The following tools have been explicitly identified as critical and must NOT be removed during skill reviews, even if they appear to exceed the 2-4 tool guideline:

  • GitHub Models (in
    retrieval_augmentation
    ) — Critical for developer experience. Provides free LLM inference via GITHUB_TOKEN with zero cost. Do not remove in favour of generic OpenAI references.
  • Playwright (in
    code_quality
    ) — Critical for end-to-end testing.

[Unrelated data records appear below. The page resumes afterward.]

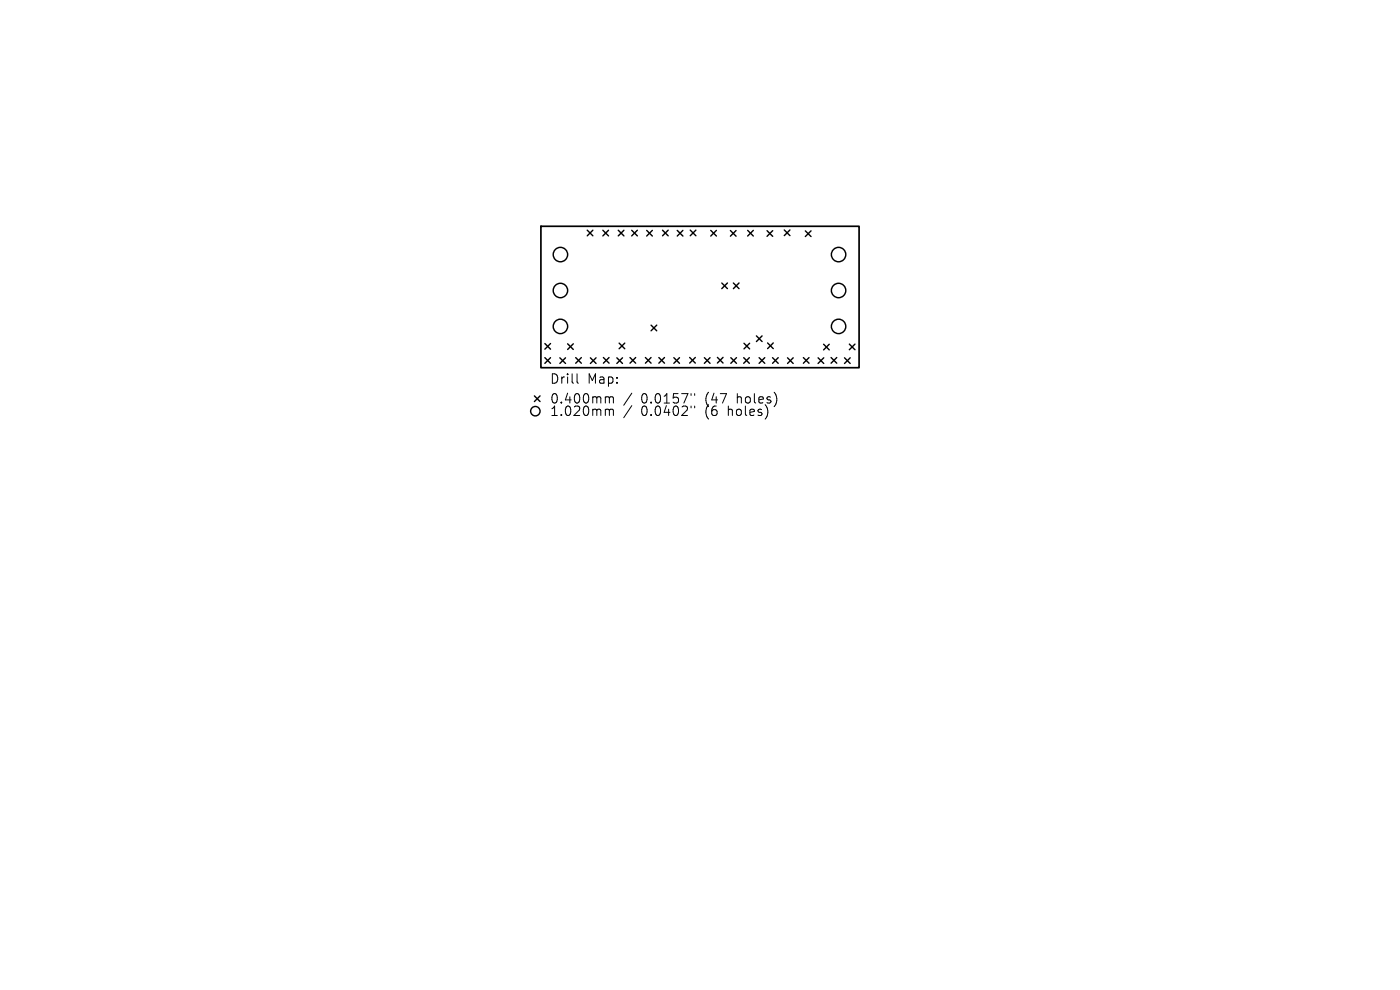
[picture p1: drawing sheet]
<svg xmlns="http://www.w3.org/2000/svg" width="297mm" height="210mm" viewBox="0 0 297 210" stroke-linecap="round" stroke-linejoin="round" font-family="sans-serif">
<defs><g id="words">
<g font-size="2.8">
<text x="116.6" y="81.7">Drill</text>
<text x="124.6" y="81.7">Map:</text>
<text x="116.6" y="85.9">0.400mm</text>
<text x="116.6" y="88.5">1.020mm</text>
<text x="136" y="85.9">0.0157&quot;</text>
<text x="136" y="88.5">0.0402&quot;</text>
<text x="149.7" y="85.9">(47</text>
<text x="149.7" y="88.5">(6</text>
<text x="154.7" y="88.5">holes)</text>
<text x="156.6" y="85.9">holes)</text>
</g>
</g></defs>
<path d="M114.8 48h67.5v30h-67.5z" fill="none" stroke="#000" stroke-width=".36"/>
<g fill="none" stroke="#000" stroke-width=".3">
<path d="M124.6 48.8l1.2 1.2M125.8 48.8l-1.2 1.2M127.9 48.8l1.2 1.2M129.1 48.8l-1.2 1.2M131.2 48.8l1.2 1.2M132.4 48.8l-1.2 1.2M134 48.8l1.2 1.2M135.2 48.8l-1.2 1.2M137.2 48.9l1.2 1.2M138.4 48.9l-1.2 1.2M140.6 48.8l1.2 1.2M141.8 48.8l-1.2 1.2"/>
<path d="M143.7 48.9l1.2 1.2M144.9 48.9l-1.2 1.2M146.4 48.8l1.2 1.2M147.6 48.8l-1.2 1.2M150.8 48.9l1.2 1.2M152 48.9l-1.2 1.2M155 48.9l1.2 1.2M156.2 48.9l-1.2 1.2M158.6 48.9l1.2 1.2M159.8 48.9l-1.2 1.2M162.7 48.9l1.2 1.2M163.9 48.9l-1.2 1.2"/>
<path d="M166.4 48.8l1.2 1.2M167.6 48.8l-1.2 1.2M170.9 49l1.2 1.2M172.1 49l-1.2 1.2M115.6 72.9l1.2 1.2M115.6 75.9l1.2 1.2M116.8 72.9l-1.2 1.2M116.8 75.9l-1.2 1.2M118.8 75.9l1.2 1.2M120 75.9l-1.2 1.2M120.4 72.9l1.2 1.2M121.6 72.9l-1.2 1.2"/>
<path d="M122.1 75.9l1.2 1.2M123.3 75.9l-1.2 1.2M125.3 75.9l1.2 1.2M126.5 75.9l-1.2 1.2M128 75.8l1.2 1.2M129.2 75.8l-1.2 1.2M130.9 75.9l1.2 1.2M131.3 72.8l1.2 1.2M132.1 75.9l-1.2 1.2M132.5 72.8l-1.2 1.2M133.7 75.8l1.2 1.2M134.9 75.8l-1.2 1.2"/>
<path d="M136.9 75.8l1.2 1.2M138.1 75.8l-1.2 1.2M138.1 69l1.2 1.2M139.3 69l-1.2 1.2M139.8 75.8l1.2 1.2M141 75.8l-1.2 1.2M143 75.9l1.2 1.2M144.2 75.9l-1.2 1.2M146.3 75.8l1.2 1.2M147.5 75.8l-1.2 1.2M149.4 75.9l1.2 1.2M150.6 75.9l-1.2 1.2"/>
<path d="M152.2 75.8l1.2 1.2M153.1 60l1.2 1.2M153.4 75.8l-1.2 1.2M154.3 60l-1.2 1.2M155 75.9l1.2 1.2M155.6 60l1.2 1.2M156.2 75.9l-1.2 1.2M156.8 60l-1.2 1.2M157.8 75.9l1.2 1.2M157.8 72.8l1.2 1.2M159 75.9l-1.2 1.2M159 72.8l-1.2 1.2"/>
<path d="M160.5 71.3l1.2 1.2M161 75.9l1.2 1.2M161.7 71.3l-1.2 1.2M162.2 75.9l-1.2 1.2M162.8 72.8l1.2 1.2M163.9 75.9l1.2 1.2M164 72.8l-1.2 1.2M165.1 75.9l-1.2 1.2M167.1 75.9l1.2 1.2M168.3 75.9l-1.2 1.2M170.4 75.9l1.2 1.2M171.6 75.9l-1.2 1.2"/>
<path d="M173.6 75.9l1.2 1.2M174.7 73l1.2 1.2M174.8 75.9l-1.2 1.2M175.9 73l-1.2 1.2M176.3 75.8l1.2 1.2M177.5 75.8l-1.2 1.2M179.2 75.9l1.2 1.2M180.2 73l1.2 1.2M180.4 75.9l-1.2 1.2M181.4 73l-1.2 1.2M113.4 84l1.2 1.2M114.6 84l-1.2 1.2"/>
<circle cx="113.6" cy="87.2" r="1"/>
</g>
<g fill="none" stroke="#000" stroke-width=".31">
<circle cx="118.9" cy="54" r="1.53"/>
<circle cx="177.9" cy="54" r="1.53"/>
<circle cx="118.9" cy="69.2" r="1.53"/>
<circle cx="118.9" cy="61.6" r="1.53"/>
<circle cx="177.9" cy="61.6" r="1.53"/>
<circle cx="177.9" cy="69.2" r="1.53"/>
</g>
<g fill="none" stroke="#000" stroke-width=".21">
<path d="M122.4 79.3v1.7l.3 .3M128.7 84.2h.3l.3 .2M128.7 86.8h.3l.3 .3M129.3 84.4l.3-.2 .4 .1 .1 1.2M129.3 84.4v1.1M129.3 87.1v1M129.3 87.1l.3-.3 .4 .1 .1 1.2M134 83.4l-1.7 2.6M134 86l-1.7 2.6M146.6 83.5v.4M146.6 86.1v.4M147.4 83.5v.4"/>
<path d="M147.4 86.1v.4"/>
</g>
<use href="#words"/>
</svg>

The primary E2E testing framework for verifying full application behavior across browsers.
  • Rancher Desktop (in
    full_stack_development
    ,
    devops
    ) — Critical for container runtime on macOS. Provides Docker socket at
    /var/run/docker.sock
    with no licensing concerns. Replaces Colima (which has docker.sock mount issues with Supabase).
  • uv (all Python skills) — Critical for Python package management. Replaces pip with 10-50x faster installs, built-in lockfiles, and Python version management. Do not revert to pip.
  • mise (skills with runtime requirements) — Critical for runtime version pinning. Each skill provides a mise fragment in implementationReference. Do not remove or replace with nvm/pyenv/asdf.
  • just (skills with dev workflows) — Critical for project-level task automation. Each skill provides justfile recipe fragments in implementationReference. Do not remove.
  • AWS Step Functions (in
    cloud_platforms
    ) — Critical for modern serverless practices. Essential for orchestrating multi-step workflows with error handling, retries, and state management.

Review Log

  • 2026-02-10: Restored GitHub Models, Playwright, Colima, and Step Functions after initial review incorrectly removed them as "nice-to-have". Added this Memory section to prevent recurrence.
  • 2026-02-11: DX overhaul — Replaced Colima with Rancher Desktop, pip with uv, added mise and just. All Python skills use
    uv sync
    instead of
    pip install
    . Skills provide composable Docker Compose, justfile, and mise fragments in implementationReference for Tier 3 project-level assembly.